Exercise brief: All the data should be repeated exactly. Any image in it is left out.

*** Opening Records shown ***

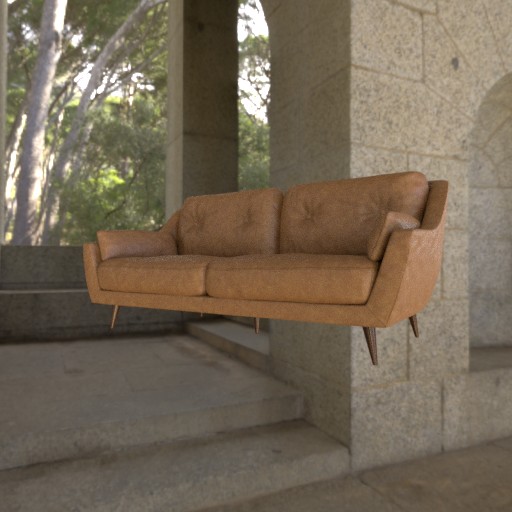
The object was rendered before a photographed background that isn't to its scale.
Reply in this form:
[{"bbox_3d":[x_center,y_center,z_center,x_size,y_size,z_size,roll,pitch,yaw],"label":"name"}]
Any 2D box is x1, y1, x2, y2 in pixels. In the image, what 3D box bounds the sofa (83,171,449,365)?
[{"bbox_3d":[0.000,0.000,2.397,1.902,0.839,0.904,-1,-1,35],"label":"sofa"}]
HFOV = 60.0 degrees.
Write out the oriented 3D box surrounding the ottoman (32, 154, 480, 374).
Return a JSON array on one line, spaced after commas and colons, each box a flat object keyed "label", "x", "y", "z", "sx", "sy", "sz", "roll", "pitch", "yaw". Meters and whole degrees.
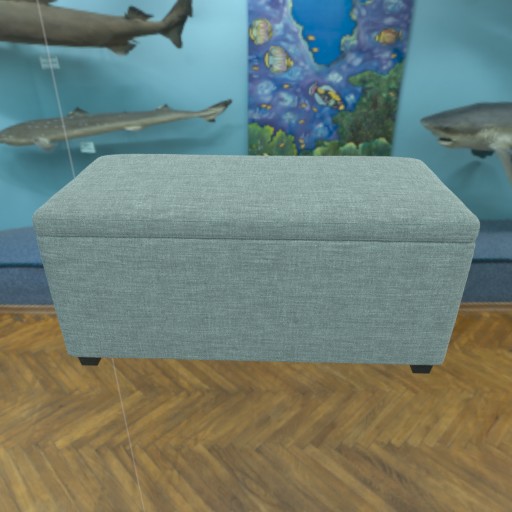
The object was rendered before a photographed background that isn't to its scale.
[{"label": "ottoman", "x": 0.000, "y": 0.000, "z": 1.121, "sx": 0.902, "sy": 0.432, "sz": 0.419, "roll": 1, "pitch": 29, "yaw": 2}]
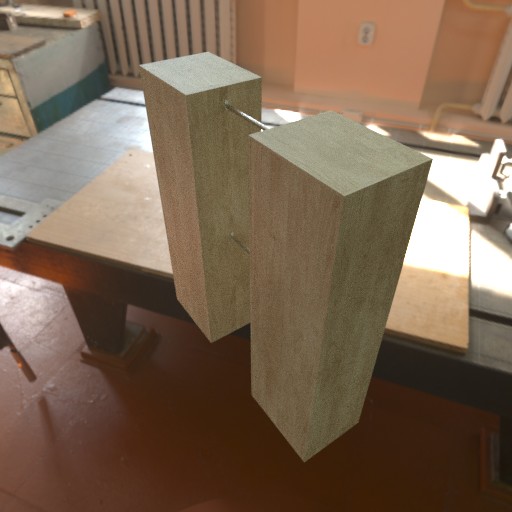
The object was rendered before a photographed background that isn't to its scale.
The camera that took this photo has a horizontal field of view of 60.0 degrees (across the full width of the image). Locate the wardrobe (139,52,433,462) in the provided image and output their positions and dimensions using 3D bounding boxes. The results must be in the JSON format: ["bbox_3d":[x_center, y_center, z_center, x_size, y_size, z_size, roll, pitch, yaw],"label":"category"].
[{"bbox_3d":[0.000,0.000,2.852,0.480,2.000,1.770,-24,46,-26],"label":"wardrobe"}]
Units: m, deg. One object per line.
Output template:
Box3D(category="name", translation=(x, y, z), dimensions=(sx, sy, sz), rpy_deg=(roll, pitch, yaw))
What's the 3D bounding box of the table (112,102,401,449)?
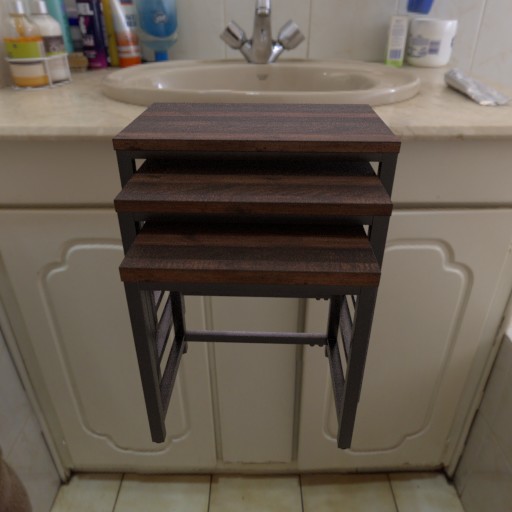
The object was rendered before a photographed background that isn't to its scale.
Box3D(category="table", translation=(0.000, 0.000, 1.124), dimensions=(0.608, 0.616, 0.660), rpy_deg=(1, 30, 2))
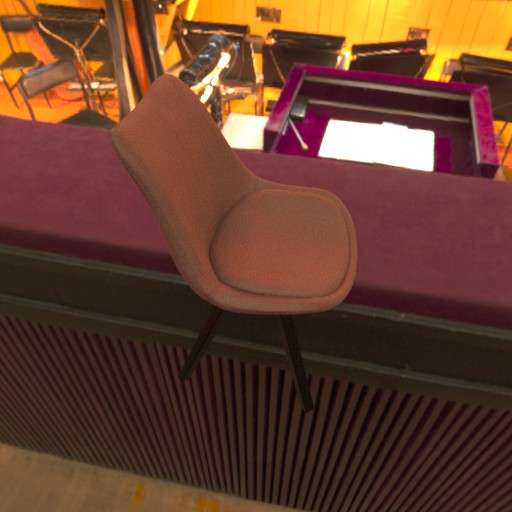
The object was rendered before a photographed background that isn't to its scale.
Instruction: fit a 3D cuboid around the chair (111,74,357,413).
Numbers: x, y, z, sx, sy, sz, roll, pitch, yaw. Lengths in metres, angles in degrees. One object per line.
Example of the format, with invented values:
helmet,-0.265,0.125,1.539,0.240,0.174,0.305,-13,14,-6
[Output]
chair,0.000,0.000,1.234,0.547,0.865,0.483,9,47,9
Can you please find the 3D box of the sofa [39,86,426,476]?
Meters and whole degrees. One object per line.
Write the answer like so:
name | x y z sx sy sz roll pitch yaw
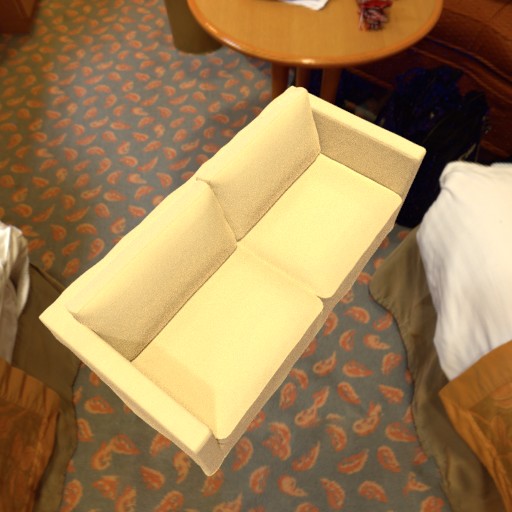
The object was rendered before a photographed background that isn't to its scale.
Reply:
sofa | 0.000 0.000 2.446 0.940 0.870 1.987 33 64 18
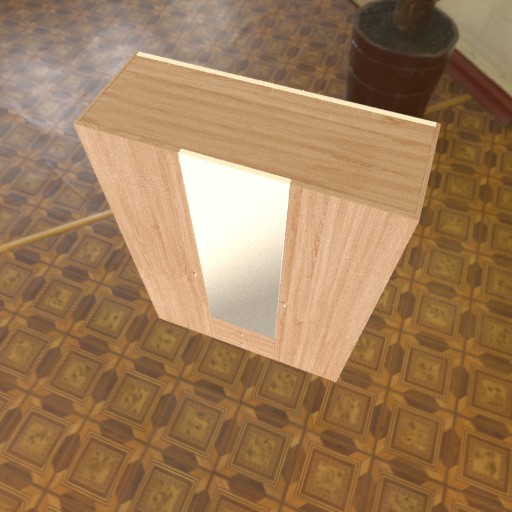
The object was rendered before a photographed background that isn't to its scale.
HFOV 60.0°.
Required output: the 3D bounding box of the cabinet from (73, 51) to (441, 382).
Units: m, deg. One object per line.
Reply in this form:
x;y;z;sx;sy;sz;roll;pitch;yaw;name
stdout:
0.000;0.000;2.819;1.500;2.120;0.590;18;59;11;cabinet
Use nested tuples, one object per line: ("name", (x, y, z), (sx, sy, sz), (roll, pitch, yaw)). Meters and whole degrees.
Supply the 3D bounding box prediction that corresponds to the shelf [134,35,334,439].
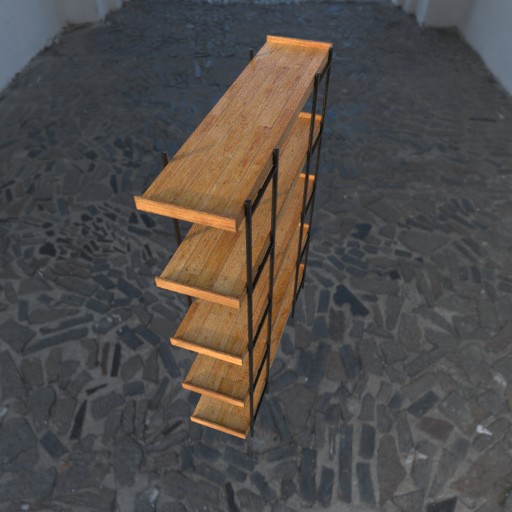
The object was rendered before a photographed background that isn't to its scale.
("shelf", (0.000, 0.000, 2.439), (0.379, 1.826, 1.371), (14, 48, 13))
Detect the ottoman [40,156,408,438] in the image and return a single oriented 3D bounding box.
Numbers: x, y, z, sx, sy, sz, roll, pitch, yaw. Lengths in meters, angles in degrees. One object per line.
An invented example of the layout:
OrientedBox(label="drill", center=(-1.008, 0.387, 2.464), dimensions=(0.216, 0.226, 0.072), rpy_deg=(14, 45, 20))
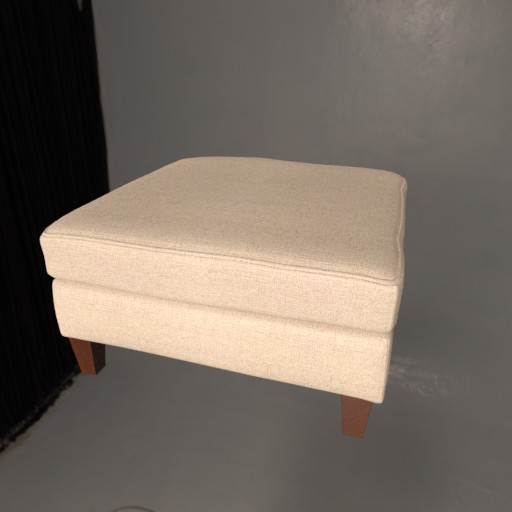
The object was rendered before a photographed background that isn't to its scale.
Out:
OrientedBox(label="ottoman", center=(0.000, 0.000, 1.353), dimensions=(0.838, 0.481, 0.838), rpy_deg=(8, 26, 16))
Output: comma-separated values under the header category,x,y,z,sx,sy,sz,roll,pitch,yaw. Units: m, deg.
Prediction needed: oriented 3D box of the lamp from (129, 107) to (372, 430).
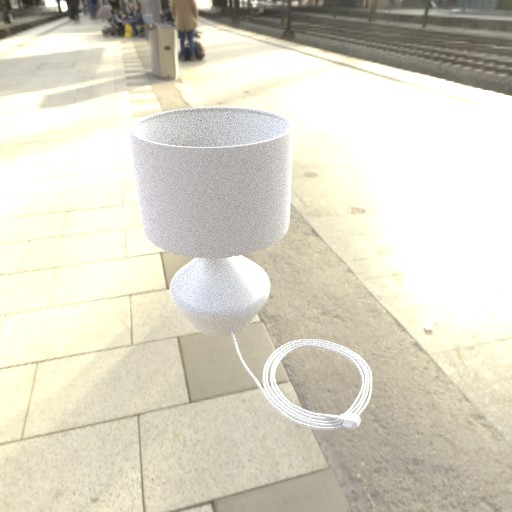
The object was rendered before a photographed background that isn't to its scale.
category,x,y,z,sx,sy,sz,roll,pitch,yaw
lamp,0.000,0.000,0.863,0.401,0.457,0.546,-9,32,-15
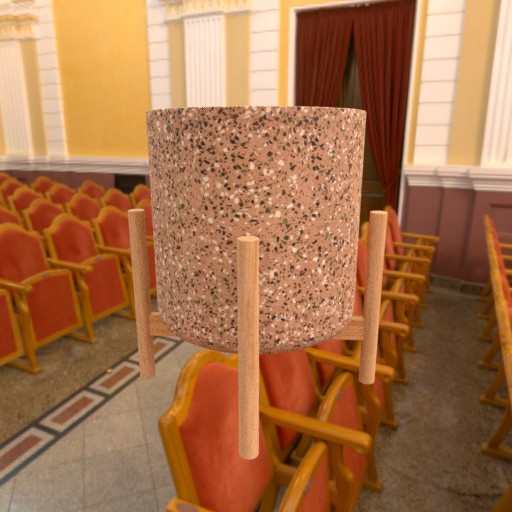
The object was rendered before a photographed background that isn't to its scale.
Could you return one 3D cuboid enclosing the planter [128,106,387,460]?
[{"bbox_3d":[0.000,0.000,0.681,0.360,0.419,0.360,7,17,24],"label":"planter"}]
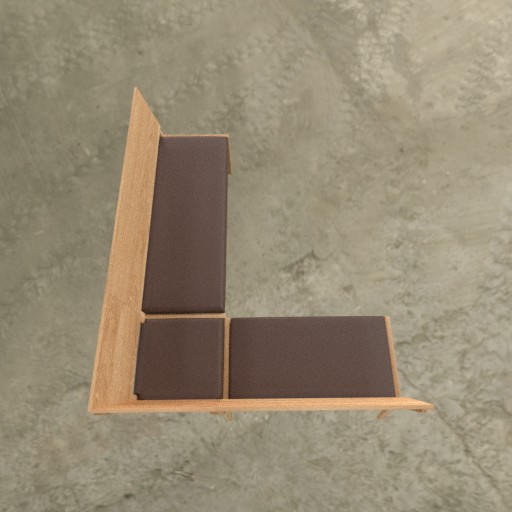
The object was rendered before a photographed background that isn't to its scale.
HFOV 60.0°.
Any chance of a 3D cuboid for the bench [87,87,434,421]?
[{"bbox_3d":[0.000,0.000,2.780,1.549,0.890,1.975,-1,65,-1],"label":"bench"}]
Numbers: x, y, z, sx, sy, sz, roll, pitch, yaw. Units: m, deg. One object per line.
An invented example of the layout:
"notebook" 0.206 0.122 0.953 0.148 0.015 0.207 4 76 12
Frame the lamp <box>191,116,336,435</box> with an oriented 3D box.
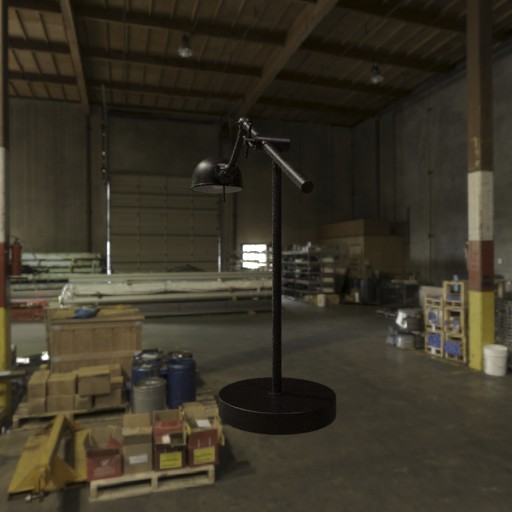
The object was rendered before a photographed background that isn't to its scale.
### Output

*** Closing Records shown ***

Answer for this exercise:
The object was rendered before a photographed background that isn't to its scale.
Reply in this form:
[{"bbox_3d":[x_center,y_center,z_center,x_size,y_size,z_size,roll,pitch,yaw],"label":"name"}]
Any 2D box is x1, y1, x2, y2 in pixels. In the image, what 3D box bounds the sofa (83,171,449,365)?
[{"bbox_3d":[0.000,0.000,2.397,1.902,0.839,0.904,-1,-1,35],"label":"sofa"}]
HFOV = 60.0 degrees.
Write out the oriented 3D box surrounding the ottoman (32, 154, 480, 374).
Return a JSON array on one line, spaced after commas and colons, each box a flat object keyed "label", "x", "y", "z", "sx", "sy", "sz", "roll", "pitch", "yaw". Meters and whole degrees.
The object was rendered before a photographed background that isn't to its scale.
[{"label": "ottoman", "x": 0.000, "y": 0.000, "z": 1.121, "sx": 0.902, "sy": 0.432, "sz": 0.419, "roll": 1, "pitch": 29, "yaw": 2}]
The object was rendered before a photographed background that isn't to its scale.
The camera that took this photo has a horizontal field of view of 60.0 degrees (across the full width of the image). Locate the wardrobe (139,52,433,462) in the provided image and output their positions and dimensions using 3D bounding boxes. The results must be in the JSON format: ["bbox_3d":[x_center, y_center, z_center, x_size, y_size, z_size, roll, pitch, yaw],"label":"category"].
[{"bbox_3d":[0.000,0.000,2.852,0.480,2.000,1.770,-24,46,-26],"label":"wardrobe"}]
Units: m, deg. One object per line.
Output template:
Box3D(category="name", translation=(x, y, z), dimensions=(sx, sy, sz), rpy_deg=(roll, pitch, yaw))
What's the 3D bounding box of the table (112,102,401,449)?
The object was rendered before a photographed background that isn't to its scale.
Box3D(category="table", translation=(0.000, 0.000, 1.124), dimensions=(0.608, 0.616, 0.660), rpy_deg=(1, 30, 2))
The object was rendered before a photographed background that isn't to its scale.
Instruction: fit a 3D cuboid around the chair (111,74,357,413).
Numbers: x, y, z, sx, sy, sz, roll, pitch, yaw. Lengths in metres, angles in degrees. One object per line.
Example of the format, with invented values:
helmet,-0.265,0.125,1.539,0.240,0.174,0.305,-13,14,-6
[Output]
chair,0.000,0.000,1.234,0.547,0.865,0.483,9,47,9
Can you please find the 3D box of the sofa [39,86,426,476]?
Meters and whole degrees. One object per line.
Write the answer like so:
name | x y z sx sy sz roll pitch yaw
The object was rendered before a photographed background that isn't to its scale.
Reply:
sofa | 0.000 0.000 2.446 0.940 0.870 1.987 33 64 18
The object was rendered before a photographed background that isn't to its scale.
HFOV 60.0°.
Required output: the 3D bounding box of the cabinet from (73, 51) to (441, 382).
Units: m, deg. One object per line.
Reply in this form:
x;y;z;sx;sy;sz;roll;pitch;yaw;name
stdout:
0.000;0.000;2.819;1.500;2.120;0.590;18;59;11;cabinet
Use nested tuples, one object per line: ("name", (x, y, z), (sx, sy, sz), (roll, pitch, yaw)). Meters and whole degrees.
Supply the 3D bounding box prediction that corresponds to the shelf [134,35,334,439].
The object was rendered before a photographed background that isn't to its scale.
("shelf", (0.000, 0.000, 2.439), (0.379, 1.826, 1.371), (14, 48, 13))
Detect the ottoman [40,156,408,438] in the image and return a single oriented 3D bounding box.
Numbers: x, y, z, sx, sy, sz, roll, pitch, yaw. Lengths in meters, angles in degrees. One object per line.
An invented example of the layout:
OrientedBox(label="drill", center=(-1.008, 0.387, 2.464), dimensions=(0.216, 0.226, 0.072), rpy_deg=(14, 45, 20))
The object was rendered before a photographed background that isn't to its scale.
Out:
OrientedBox(label="ottoman", center=(0.000, 0.000, 1.353), dimensions=(0.838, 0.481, 0.838), rpy_deg=(8, 26, 16))
Output: comma-separated values under the header category,x,y,z,sx,sy,sz,roll,pitch,yaw. Units: m, deg.
Prediction needed: oriented 3D box of the lamp from (129, 107) to (372, 430).
The object was rendered before a photographed background that isn't to its scale.
category,x,y,z,sx,sy,sz,roll,pitch,yaw
lamp,0.000,0.000,0.863,0.401,0.457,0.546,-9,32,-15
The object was rendered before a photographed background that isn't to its scale.
Could you return one 3D cuboid enclosing the planter [128,106,387,460]?
[{"bbox_3d":[0.000,0.000,0.681,0.360,0.419,0.360,7,17,24],"label":"planter"}]
The object was rendered before a photographed background that isn't to its scale.
HFOV 60.0°.
Any chance of a 3D cuboid for the bench [87,87,434,421]?
[{"bbox_3d":[0.000,0.000,2.780,1.549,0.890,1.975,-1,65,-1],"label":"bench"}]
Numbers: x, y, z, sx, sy, sz, roll, pitch, yaw. Units: m, deg. One object per line.
An invented example of the layout:
"notebook" 0.206 0.122 0.953 0.148 0.015 0.207 4 76 12
Frame the lamp <box>191,116,336,435</box> with an oriented 3D box.
The object was rendered before a photographed background that isn't to its scale.
### Output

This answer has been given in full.